I strongly endorse “Grading for Equity”.

I believe, however, that it goes way beyond equity and gets to the heart of learning for all our students (which I guess is the heart of equity).  Implementing the ideas starts with identifying desired “outcomes” to be achieved (not content to be covered), building equitable assessments, and using the assessments equitably.  It also means _not_ including attendance, participation, late penalties, group work (mostly), homework (mostly), etc. in grades since they can be inequitably applied and/or do not directly relate to desired learning.

Several of us at UNI have been using some of the ideas for a while and are now explicitly working to totally make our grading equitable.  A colleague and I submitted a position paper on it to SIGCSE but unfortunately it was not accepted.  I’d be happy to share/discuss ideas with anyone who is interested.

I responded:

Greetings from a former Iowan! Would you be willing to share your unpublished position paper on grading for equity? A math colleague [Albert Schueller] and I were already talking about “mastery-based grading” as an approach for managing the likely chaos of this fall with the worsening COVID-19 pandemic.

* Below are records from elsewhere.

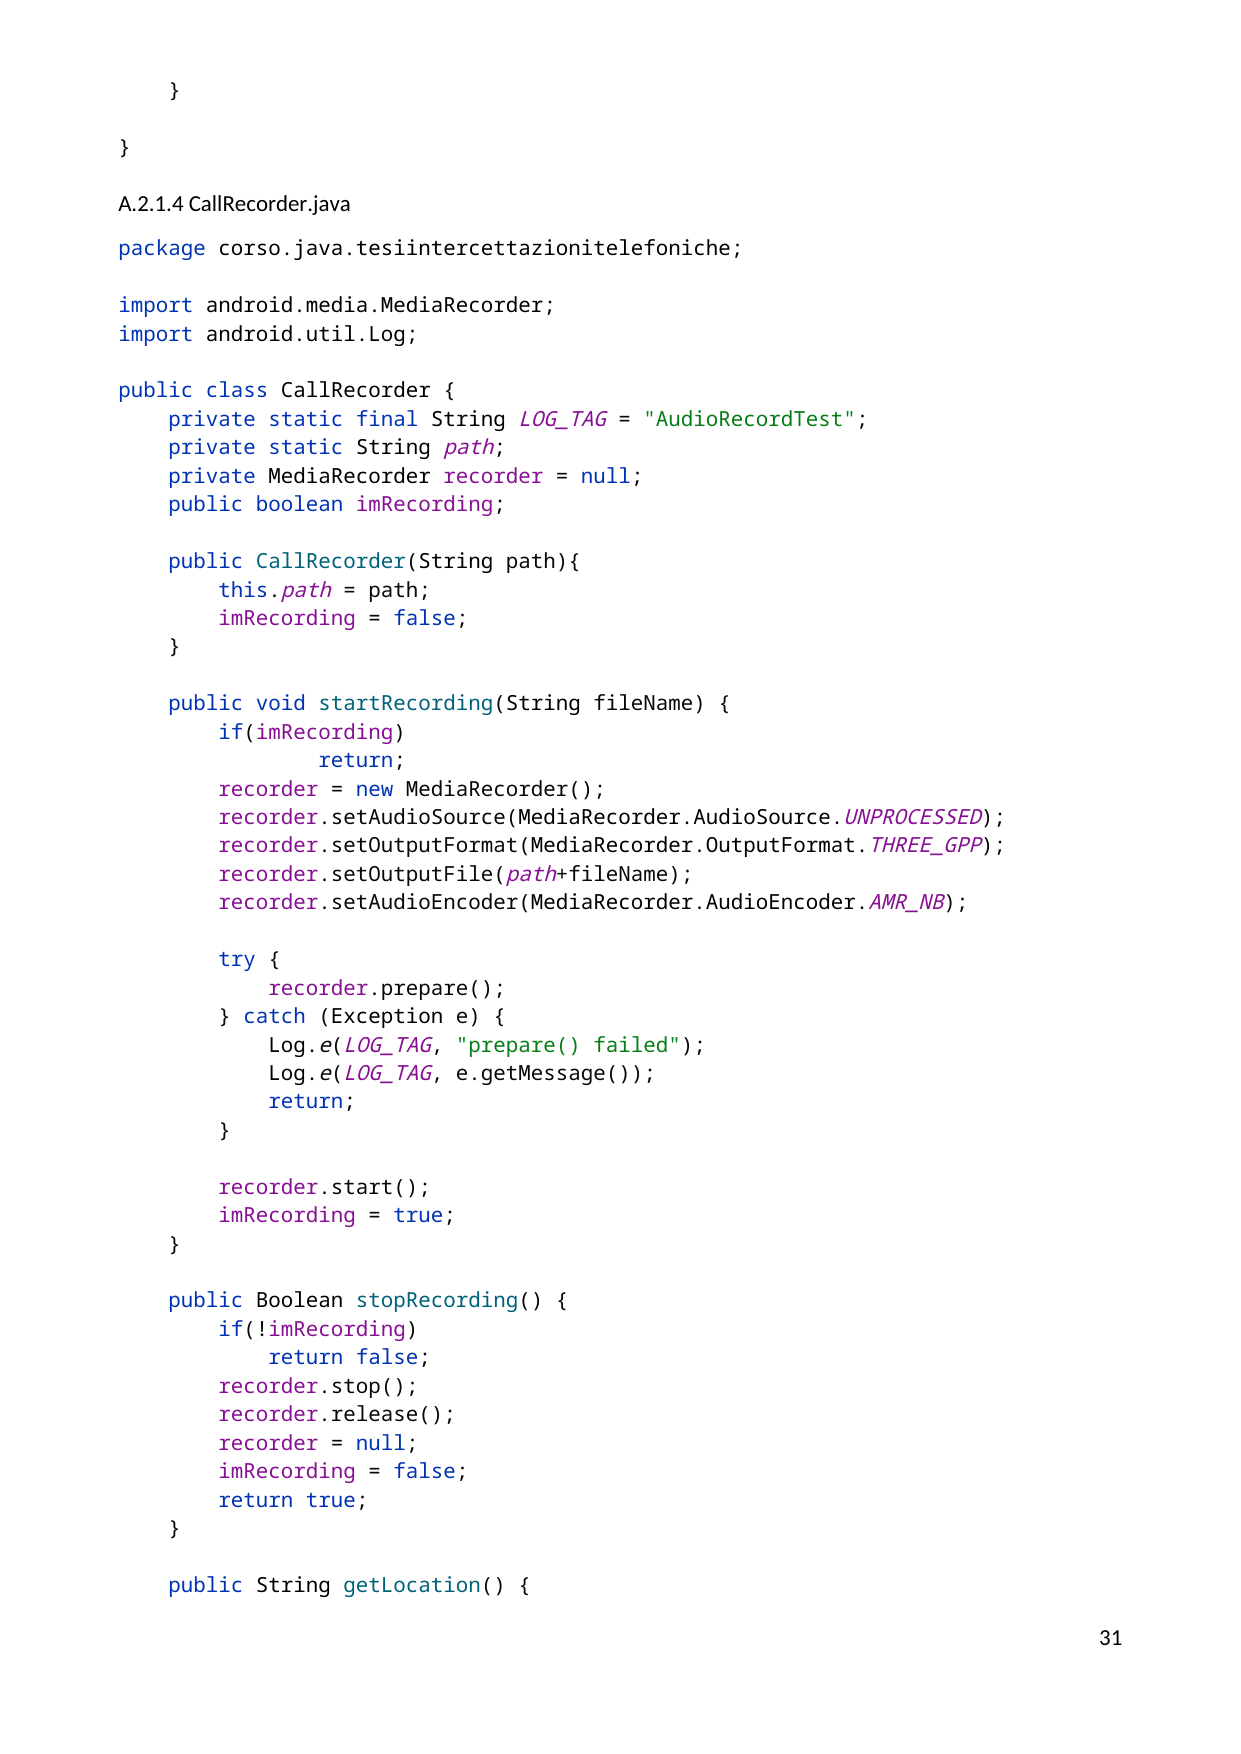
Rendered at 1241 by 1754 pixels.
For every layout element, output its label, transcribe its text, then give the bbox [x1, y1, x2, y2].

text A.2.1.4 CallRecorder.java [118, 189, 1122, 217]
text return; } recorder.start(); imRecording = true; } public Boolean stopRecording() { if(!imRecording) return false; recorder.stop(); recorder.release(); recorder = null; imRecording = false; return true; } public String getLocation() { [118, 1087, 1122, 1598]
text package corso.java.tesiintercettazionitelefoniche; import android.media.MediaRecorder; import android.util.Log; public class CallRecorder { private static final String LOG_TAG = "AudioRecordTest"; private static String path; private MediaRecorder recorder = null; public boolean imRecording; public CallRecorder(String path){ this.path = path; imRecording = false; } public void startRecording(String fileName) { if(imRecording) return; recorder = new MediaRecorder(); recorder.setAudioSource(MediaRecorder.AudioSource.UNPROCESSED); recorder.setOutputFormat(MediaRecorder.OutputFormat.THREE_GPP); recorder.setOutputFile(path+fileName); recorder.setAudioEncoder(MediaRecorder.AudioEncoder.AMR_NB); try { recorder.prepare(); } catch (Exception e) { Log.e(LOG_TAG, "prepare() failed"); Log.e(LOG_TAG, e.getMessage()); [118, 233, 1122, 1087]
text } } [118, 75, 1122, 160]

Phillip shared his unpublished position paper with me, and I was inspired. You can ask him for it too. It’s unfortunate that it wasn’t accepted, as I think it may gain historical significance as the first work on the approach in the CS education community, and I hope he has resubmitted it.

I decided I wanted to read Joe Feldman’s 2019 book Grading for Equity . (For those reading along, Chapter 1 is available for free online.) After reading a bit, I started taking notes on my brand new iPad, starting as follows:

Friends, students, colleagues, lend me your ears. I come to bury grades, not to praise them. The evil that grades do lives after them.

Why do I say grades are evil? Traditional grading schemes undermine trust (p. 29)! And I wrote three weeks ago that trust is what teaching is all about.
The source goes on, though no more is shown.